_Task prompt_. Every line below from the one containing "- cosmetic package (96,135,289,349)" through the one containing "- board game box (211,342,435,539)" must be transcribed exactly. Omit all lines outside that stretch.

_Entries taken from a collection_.
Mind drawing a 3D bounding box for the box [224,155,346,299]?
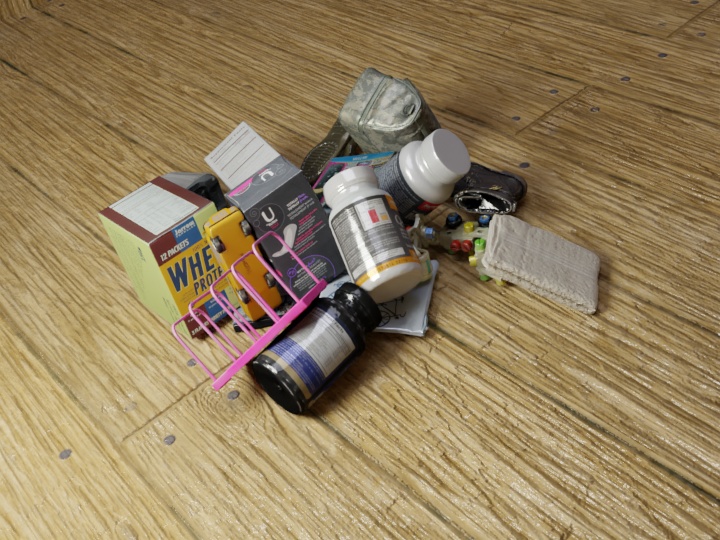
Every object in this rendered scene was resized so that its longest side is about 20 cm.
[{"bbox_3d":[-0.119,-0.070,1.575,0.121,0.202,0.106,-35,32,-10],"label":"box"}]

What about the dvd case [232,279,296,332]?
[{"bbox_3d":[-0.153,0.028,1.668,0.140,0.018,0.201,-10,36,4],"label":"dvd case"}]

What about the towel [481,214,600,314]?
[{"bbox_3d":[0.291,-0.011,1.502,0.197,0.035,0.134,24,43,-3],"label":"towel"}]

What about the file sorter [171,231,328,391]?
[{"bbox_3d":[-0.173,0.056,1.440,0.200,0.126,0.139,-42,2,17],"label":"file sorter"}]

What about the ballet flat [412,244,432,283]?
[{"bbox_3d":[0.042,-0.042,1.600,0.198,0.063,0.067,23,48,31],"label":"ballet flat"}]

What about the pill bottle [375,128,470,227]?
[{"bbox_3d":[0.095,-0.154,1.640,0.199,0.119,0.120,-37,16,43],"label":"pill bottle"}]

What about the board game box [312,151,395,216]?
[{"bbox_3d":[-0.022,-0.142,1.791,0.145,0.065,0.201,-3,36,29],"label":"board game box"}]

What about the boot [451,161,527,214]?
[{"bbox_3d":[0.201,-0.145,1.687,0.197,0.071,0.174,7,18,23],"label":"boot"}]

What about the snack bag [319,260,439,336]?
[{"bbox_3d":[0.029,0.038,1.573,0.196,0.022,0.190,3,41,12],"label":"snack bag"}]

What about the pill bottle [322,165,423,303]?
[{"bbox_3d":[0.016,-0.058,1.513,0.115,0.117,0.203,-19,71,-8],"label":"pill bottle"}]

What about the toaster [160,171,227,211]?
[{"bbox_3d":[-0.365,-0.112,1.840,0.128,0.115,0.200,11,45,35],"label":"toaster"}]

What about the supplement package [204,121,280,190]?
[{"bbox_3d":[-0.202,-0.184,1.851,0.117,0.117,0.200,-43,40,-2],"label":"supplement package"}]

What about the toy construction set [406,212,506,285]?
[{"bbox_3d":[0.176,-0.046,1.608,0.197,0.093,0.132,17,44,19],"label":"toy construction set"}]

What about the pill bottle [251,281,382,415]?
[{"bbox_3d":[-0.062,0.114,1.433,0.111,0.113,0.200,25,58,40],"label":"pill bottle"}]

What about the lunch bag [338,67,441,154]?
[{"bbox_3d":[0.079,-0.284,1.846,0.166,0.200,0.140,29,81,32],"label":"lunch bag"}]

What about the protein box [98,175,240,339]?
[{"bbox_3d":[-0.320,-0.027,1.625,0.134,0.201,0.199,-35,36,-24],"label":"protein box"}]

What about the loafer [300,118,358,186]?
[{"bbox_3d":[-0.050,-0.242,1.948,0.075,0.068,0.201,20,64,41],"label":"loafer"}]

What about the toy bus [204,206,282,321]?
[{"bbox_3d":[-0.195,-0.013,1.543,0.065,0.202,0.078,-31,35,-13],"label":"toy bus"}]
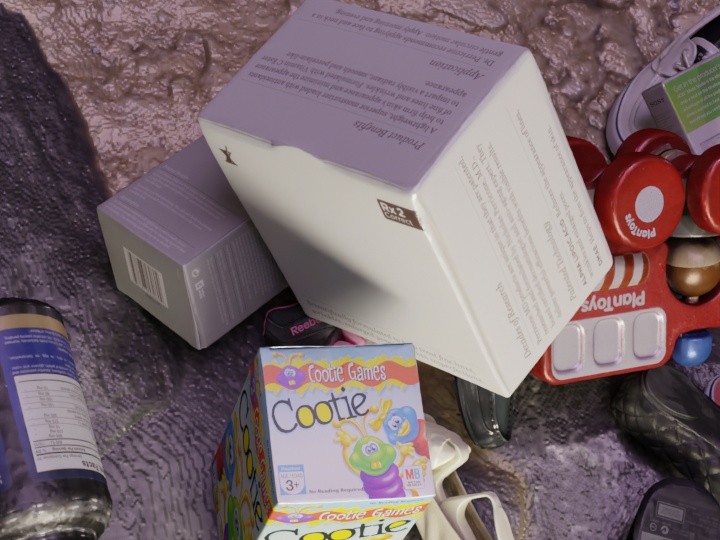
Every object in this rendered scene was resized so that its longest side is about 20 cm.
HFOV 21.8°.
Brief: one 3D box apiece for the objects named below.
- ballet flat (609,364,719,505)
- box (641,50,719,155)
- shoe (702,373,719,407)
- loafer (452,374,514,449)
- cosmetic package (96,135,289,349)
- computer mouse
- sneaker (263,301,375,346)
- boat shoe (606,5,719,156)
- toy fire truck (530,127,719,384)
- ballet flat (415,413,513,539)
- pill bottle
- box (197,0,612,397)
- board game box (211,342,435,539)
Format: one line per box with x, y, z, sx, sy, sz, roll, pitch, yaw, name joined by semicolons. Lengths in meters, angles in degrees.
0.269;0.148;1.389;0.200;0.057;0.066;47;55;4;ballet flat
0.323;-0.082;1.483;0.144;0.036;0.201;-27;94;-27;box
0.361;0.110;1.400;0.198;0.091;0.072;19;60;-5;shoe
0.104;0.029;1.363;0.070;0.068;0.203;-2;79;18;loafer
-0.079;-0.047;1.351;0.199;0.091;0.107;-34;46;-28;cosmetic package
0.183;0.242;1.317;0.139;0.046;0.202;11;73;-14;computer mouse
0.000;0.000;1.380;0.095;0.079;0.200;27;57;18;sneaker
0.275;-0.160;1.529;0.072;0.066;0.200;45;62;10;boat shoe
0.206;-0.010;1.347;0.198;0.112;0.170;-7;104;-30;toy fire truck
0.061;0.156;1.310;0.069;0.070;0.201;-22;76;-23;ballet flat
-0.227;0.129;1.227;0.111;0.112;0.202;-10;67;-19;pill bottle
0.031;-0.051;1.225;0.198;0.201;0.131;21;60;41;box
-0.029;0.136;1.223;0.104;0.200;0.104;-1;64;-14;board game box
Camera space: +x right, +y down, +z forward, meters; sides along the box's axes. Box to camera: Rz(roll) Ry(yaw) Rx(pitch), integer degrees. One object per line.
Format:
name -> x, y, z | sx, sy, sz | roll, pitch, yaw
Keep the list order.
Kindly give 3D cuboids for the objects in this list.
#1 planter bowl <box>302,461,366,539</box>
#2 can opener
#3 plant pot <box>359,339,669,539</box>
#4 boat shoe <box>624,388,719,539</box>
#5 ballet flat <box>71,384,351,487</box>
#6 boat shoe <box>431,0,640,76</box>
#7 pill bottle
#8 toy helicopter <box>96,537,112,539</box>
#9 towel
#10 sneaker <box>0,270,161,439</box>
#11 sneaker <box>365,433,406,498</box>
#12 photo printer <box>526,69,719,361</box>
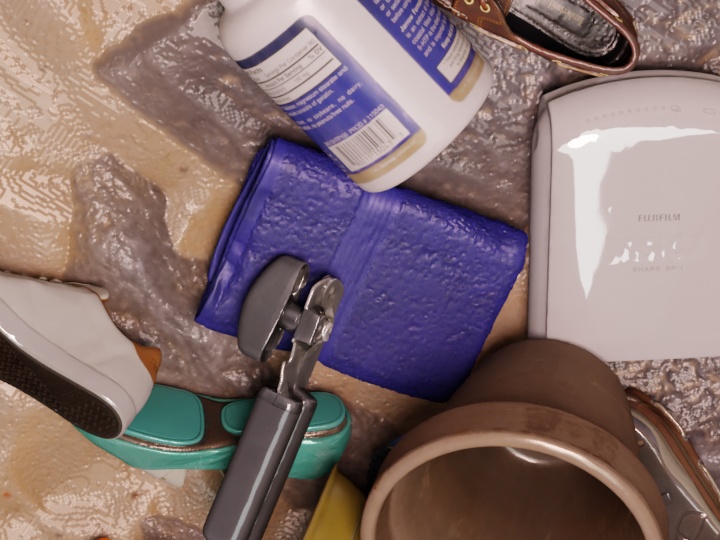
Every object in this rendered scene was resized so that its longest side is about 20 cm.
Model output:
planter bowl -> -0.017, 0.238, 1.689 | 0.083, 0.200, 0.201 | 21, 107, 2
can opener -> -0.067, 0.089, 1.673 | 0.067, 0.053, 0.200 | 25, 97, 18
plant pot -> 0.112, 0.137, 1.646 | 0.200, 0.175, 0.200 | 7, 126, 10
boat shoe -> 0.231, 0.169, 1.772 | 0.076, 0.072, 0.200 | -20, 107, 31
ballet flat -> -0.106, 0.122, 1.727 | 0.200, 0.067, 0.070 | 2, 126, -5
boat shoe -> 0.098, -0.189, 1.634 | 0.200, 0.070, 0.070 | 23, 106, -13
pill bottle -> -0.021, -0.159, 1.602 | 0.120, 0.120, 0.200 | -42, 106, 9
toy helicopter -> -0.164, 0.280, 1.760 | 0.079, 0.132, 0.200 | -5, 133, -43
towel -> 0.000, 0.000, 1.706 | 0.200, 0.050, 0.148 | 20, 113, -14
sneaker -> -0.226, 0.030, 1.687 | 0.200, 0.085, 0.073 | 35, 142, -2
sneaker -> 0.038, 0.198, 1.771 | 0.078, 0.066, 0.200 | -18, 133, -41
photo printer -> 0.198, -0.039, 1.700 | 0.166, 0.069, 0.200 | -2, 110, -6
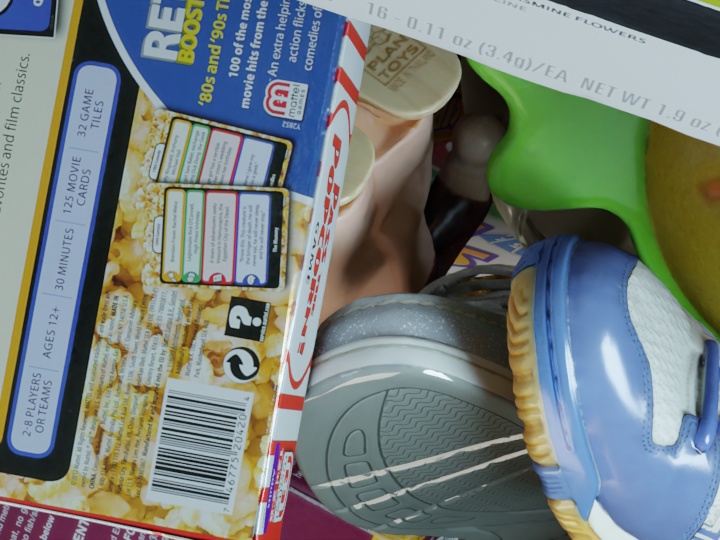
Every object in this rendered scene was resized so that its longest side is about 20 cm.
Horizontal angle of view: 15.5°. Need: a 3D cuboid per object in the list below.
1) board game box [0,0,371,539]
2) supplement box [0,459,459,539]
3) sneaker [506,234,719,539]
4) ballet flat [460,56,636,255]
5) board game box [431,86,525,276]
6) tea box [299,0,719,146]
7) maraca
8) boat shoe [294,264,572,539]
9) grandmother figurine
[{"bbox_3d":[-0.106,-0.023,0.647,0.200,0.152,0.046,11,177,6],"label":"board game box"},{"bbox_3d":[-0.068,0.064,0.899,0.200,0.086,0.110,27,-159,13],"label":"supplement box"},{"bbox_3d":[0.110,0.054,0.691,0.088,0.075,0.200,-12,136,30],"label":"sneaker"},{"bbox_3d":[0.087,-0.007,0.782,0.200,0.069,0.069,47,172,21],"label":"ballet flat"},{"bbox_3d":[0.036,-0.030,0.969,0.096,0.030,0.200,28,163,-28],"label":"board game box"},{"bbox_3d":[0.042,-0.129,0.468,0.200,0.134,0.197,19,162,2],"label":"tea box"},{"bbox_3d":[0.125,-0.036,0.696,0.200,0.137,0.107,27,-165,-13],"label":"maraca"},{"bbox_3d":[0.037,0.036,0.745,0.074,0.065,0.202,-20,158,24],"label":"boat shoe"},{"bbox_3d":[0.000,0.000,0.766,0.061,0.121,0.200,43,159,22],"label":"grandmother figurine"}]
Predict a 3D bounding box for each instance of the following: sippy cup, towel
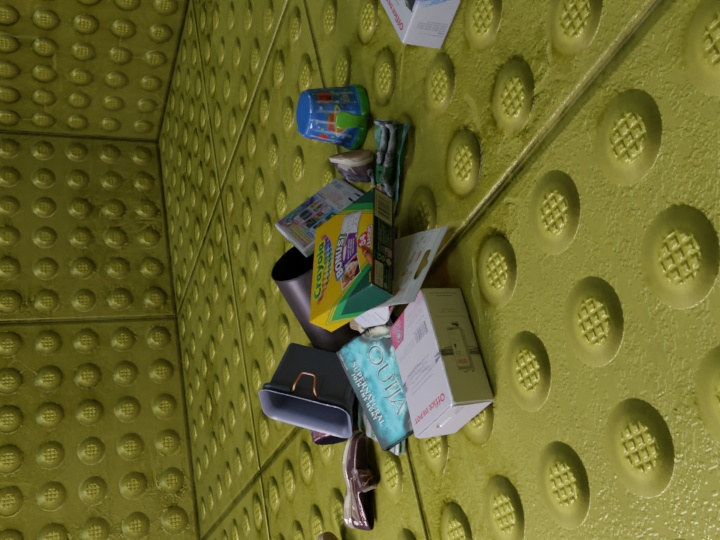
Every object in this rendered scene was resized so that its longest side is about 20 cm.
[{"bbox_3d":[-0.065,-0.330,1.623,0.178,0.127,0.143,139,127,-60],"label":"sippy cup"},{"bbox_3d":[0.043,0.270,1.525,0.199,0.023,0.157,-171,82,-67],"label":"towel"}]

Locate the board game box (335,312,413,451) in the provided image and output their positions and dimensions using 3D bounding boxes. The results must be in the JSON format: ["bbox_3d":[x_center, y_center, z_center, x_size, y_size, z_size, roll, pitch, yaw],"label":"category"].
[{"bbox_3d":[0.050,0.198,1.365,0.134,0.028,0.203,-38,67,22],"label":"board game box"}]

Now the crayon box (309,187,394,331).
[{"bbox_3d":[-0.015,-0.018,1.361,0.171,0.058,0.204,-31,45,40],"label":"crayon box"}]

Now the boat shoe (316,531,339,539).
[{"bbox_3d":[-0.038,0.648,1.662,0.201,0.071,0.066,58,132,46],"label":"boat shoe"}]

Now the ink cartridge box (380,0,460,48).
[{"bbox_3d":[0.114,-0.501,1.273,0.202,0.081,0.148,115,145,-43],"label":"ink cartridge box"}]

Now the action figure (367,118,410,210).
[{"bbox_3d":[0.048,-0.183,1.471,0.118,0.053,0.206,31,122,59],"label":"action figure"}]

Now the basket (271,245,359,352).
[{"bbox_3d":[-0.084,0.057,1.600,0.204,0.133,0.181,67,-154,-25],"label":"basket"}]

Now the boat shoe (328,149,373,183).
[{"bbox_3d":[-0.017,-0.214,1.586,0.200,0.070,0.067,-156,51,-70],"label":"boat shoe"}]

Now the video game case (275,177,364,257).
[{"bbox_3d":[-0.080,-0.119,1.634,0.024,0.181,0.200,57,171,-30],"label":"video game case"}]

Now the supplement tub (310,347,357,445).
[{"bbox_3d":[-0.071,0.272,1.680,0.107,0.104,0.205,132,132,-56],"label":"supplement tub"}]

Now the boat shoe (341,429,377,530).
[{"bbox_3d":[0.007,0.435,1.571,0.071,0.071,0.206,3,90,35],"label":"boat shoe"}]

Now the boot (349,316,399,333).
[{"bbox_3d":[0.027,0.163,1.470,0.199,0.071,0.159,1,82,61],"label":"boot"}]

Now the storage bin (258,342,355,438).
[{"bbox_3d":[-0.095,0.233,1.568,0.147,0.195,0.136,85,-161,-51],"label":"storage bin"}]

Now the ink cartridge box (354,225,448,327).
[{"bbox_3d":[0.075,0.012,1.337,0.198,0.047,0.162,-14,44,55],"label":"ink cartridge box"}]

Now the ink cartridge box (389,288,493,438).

_Exercise response_.
- cosmetic package (96,135,289,349)
- computer mouse
- sneaker (263,301,375,346)
- boat shoe (606,5,719,156)
- toy fire truck (530,127,719,384)
- ballet flat (415,413,513,539)
- pill bottle
- box (197,0,612,397)
- board game box (211,342,435,539)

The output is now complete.